Research project/collaboration: Textorium





Photographs: Christoffer Björklund 2022

In June 2022, I was working in Vasa, Finland, on a research collaboration, Textorium, for exploring way of site-specific writing and reading in public space. Textorium is an experiment in collective writing in/on/with public space initiated by Lena Séraphin, with artist-writers Emma Cocker, Andrea Coyotzi Borja, Cordula Daus and Vidha Saumya. Between 30 May – 4 June 2022, this group of artist-writers met in Vasa, Finland, coming together over a period of days to write in/on/from the Market Square. This exposition gathers scores, documents and artefacts generated through a specific time-bound process of collective writing in this singular public space.

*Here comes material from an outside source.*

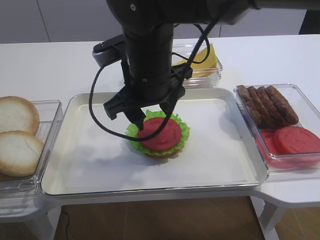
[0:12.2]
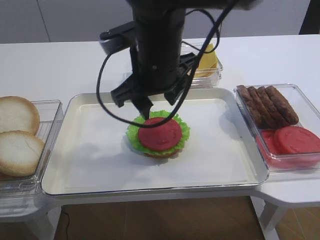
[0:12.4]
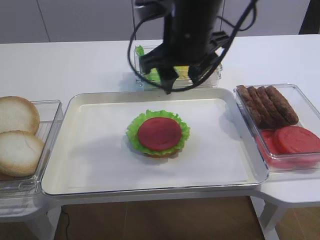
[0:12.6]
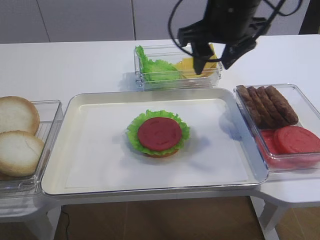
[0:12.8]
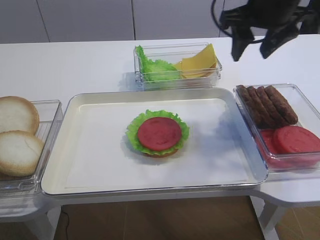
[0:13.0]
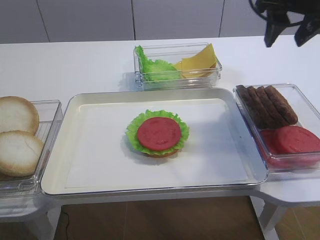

Inspired by the writings of Georges Perec and his book An Attempt at Exhausting a Place in Paris that acknowledges overlooked phenomena in a Parisian square in 1974, the project Textorium attends to Vasa’s Market Square as an ever-changing phenomenon, writing and rewriting it through the lens of different prompts and scores. In one sense, the project explores ways for intervening in, disrupting or unsettling the homogeneity of civic consumerism and the commercialisation of urban common space, through the gentle act of focused attention and through languaging the space otherwise.

 

This collaborative project conceives writing, reading and listening as aesthetic research practices, caring for their inter-subjective potential, whilst asking how shared spaces are constructed in/by/with text. Textorium invites a multitude of intertwining writerly perspectives through observational writing underpinned by bodily awareness, perception and sensations. The performativity of this practice redefines the solitary act of writing, introducing collective live-writing in public space as an artistic-literary genre.

 

For phenomenologist, Max van Manen, the term textorium refers to a “virtual space that the words open up […] The physical space of reading or writing allows me to pass through it into the world opened up by the words, the space of the text”. Struck by his account of the textorium and the ‘virtual space’ that opens for the writer-reader, we wondered how our experimental practices might generate insights into the experiential textorium of collective writing? What worlds become “opened up by the words”, by “the space of the text”? What other ways for perceiving and reimagining public space emerge in and through language? In turn, how does writing in a public space shape and inform the emergent possibilities of language, alongside the felt sense of subjectivity for both writers and readers?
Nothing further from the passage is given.